OS MENINOS DO PORÃO: CERCA DE 1,8 MILHÃO SOFRE DO TRANSTORNO, CONFUNDIDO COM LOUCURA OU RETARDO MENTAL
Jornal: O GLOBO 16/07/2006
A vida segregada do brasileiro autista
Sem tratamento, que Estado não cobre, jovens são mantidos presos em casa sob o improvisado cuidado das mães
SÃO PAULO. Rafael, de 25 anos, finge que é passarinho, mas passou a vida trancado. André, 20 anos, reza dias inteiros e grita o tempo todo. Leandro, 29, engole esponjas de aço e cremes de cabelo. João Guilherme, 11, come compulsivamente. Eles se automutilam e agridem até suas mães. Apesar de adultos, serão sempre meninos. Eles têm autismo, transtorno que atinge até 1,8 milhão de brasileiros, segundo estimativas médicas. O GLOBO encontrou vários desses meninos reclusos em quartos vazios, fechados em porões ou amarrados. Nenhum deles recebe tratamento. Autismo ainda não é doença tratada pela rede pública de saúde no Brasil.
— Infelizmente, eles são os meninos do porão. Passam a vida escondidos, trancados. Era assim antigamente e hoje em dia também. Temos visto casos inclusive de meninos acorrentados — relata o neuropsiquiatra infantil Raymond Rosenberg, especializado em autismo.
(.....) Quando são internados como doentes mentais — que é como os governos no Brasil têm determinado quando eles entram em crise — saem mais agressivos. Também não são atendidos entre deficientes.
Internação: custo chega a R$5 mil
Muitas vezes os tratamentos incluem internações especiais. Nos locais especializados, o autismo é compreendido como um “jeito de ser” e os meninos ficam menos agressivos, ganham hábitos mais sociáveis, afirmam especialistas.
JUSTIÇA DETERMINA QUE ESTADO PAGUE TRATAMENTO
Secretário de Saúde é investigado por descumprir ordem judicial obtida pelo Ministério Público; na mesa do promotor, dezenas de casos iguais
SÃO PAULO. A decisão da Justiça é clara: todos os autistas têm o direito de ter tratamentos ou internações custeados pelo estado, até que o governo inclua o atendimento na rede pública e garanta vagas para todos eles. A decisão, embora proferida em última instância em 2005, tem sido descumprida. O caso atinge apenas o estado de São Paulo, mas pode servir de jurisprudência para os demais, segundo o Ministério Público.
Na quarta-feira passada, o promotor de Justiça José Paulo França Piva abriu inquérito sobre o descumprimento da decisão do Tribunal de Justiça. Assim, o secretário estadual de Saúde, Luiz Roberto Barradas Barata, passou a ser investigado. Se o MP conseguir comprovar o descumprimento, a ação pode levar à perda do cargo e dos direitos políticos de Barata, que também poderá ter que pagar multa de cem salários-mínimos (R$35 mil), segundo Piva.
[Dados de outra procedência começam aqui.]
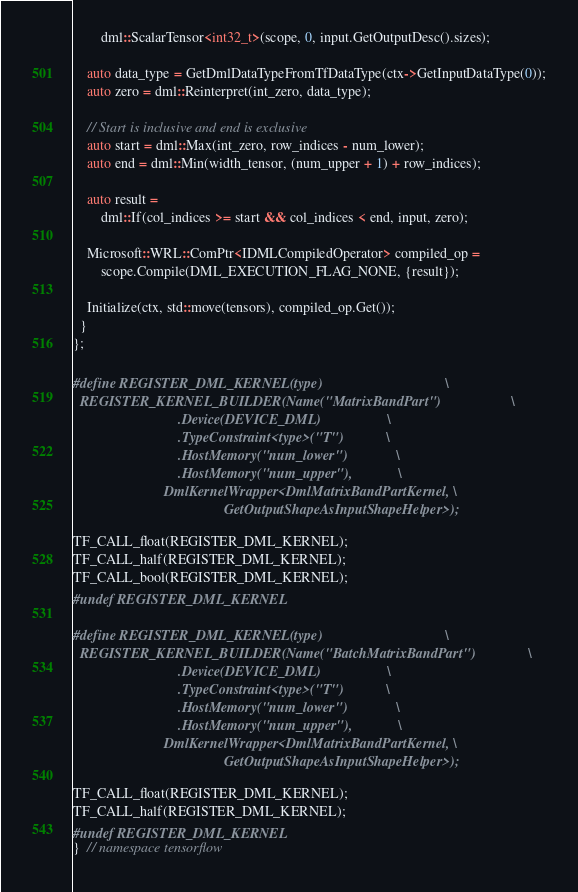Convert code to text. <code><loc_0><loc_0><loc_500><loc_500><_C++_>        dml::ScalarTensor<int32_t>(scope, 0, input.GetOutputDesc().sizes);

    auto data_type = GetDmlDataTypeFromTfDataType(ctx->GetInputDataType(0));
    auto zero = dml::Reinterpret(int_zero, data_type);

    // Start is inclusive and end is exclusive
    auto start = dml::Max(int_zero, row_indices - num_lower);
    auto end = dml::Min(width_tensor, (num_upper + 1) + row_indices);

    auto result =
        dml::If(col_indices >= start && col_indices < end, input, zero);

    Microsoft::WRL::ComPtr<IDMLCompiledOperator> compiled_op =
        scope.Compile(DML_EXECUTION_FLAG_NONE, {result});

    Initialize(ctx, std::move(tensors), compiled_op.Get());
  }
};

#define REGISTER_DML_KERNEL(type)                                   \
  REGISTER_KERNEL_BUILDER(Name("MatrixBandPart")                    \
                              .Device(DEVICE_DML)                   \
                              .TypeConstraint<type>("T")            \
                              .HostMemory("num_lower")              \
                              .HostMemory("num_upper"),             \
                          DmlKernelWrapper<DmlMatrixBandPartKernel, \
                                           GetOutputShapeAsInputShapeHelper>);

TF_CALL_float(REGISTER_DML_KERNEL);
TF_CALL_half(REGISTER_DML_KERNEL);
TF_CALL_bool(REGISTER_DML_KERNEL);
#undef REGISTER_DML_KERNEL

#define REGISTER_DML_KERNEL(type)                                   \
  REGISTER_KERNEL_BUILDER(Name("BatchMatrixBandPart")               \
                              .Device(DEVICE_DML)                   \
                              .TypeConstraint<type>("T")            \
                              .HostMemory("num_lower")              \
                              .HostMemory("num_upper"),             \
                          DmlKernelWrapper<DmlMatrixBandPartKernel, \
                                           GetOutputShapeAsInputShapeHelper>);

TF_CALL_float(REGISTER_DML_KERNEL);
TF_CALL_half(REGISTER_DML_KERNEL);
#undef REGISTER_DML_KERNEL
}  // namespace tensorflow</code>

A medida acontece às vésperas do Dia Mundial do Orgulho Autista, nesta terça-feira.
Sobre a mesa do promotor, no entanto, já repousam dezenas de ações de famílias que conseguiram a habilitação (com atestados e laudos médicos) para que o estado cumpra a decisão, mas continuam com seus autistas sem tratamento, ou alguns raros mantidos às custas da caridade de clínicas particulares. A secretaria não quis comentar o caso.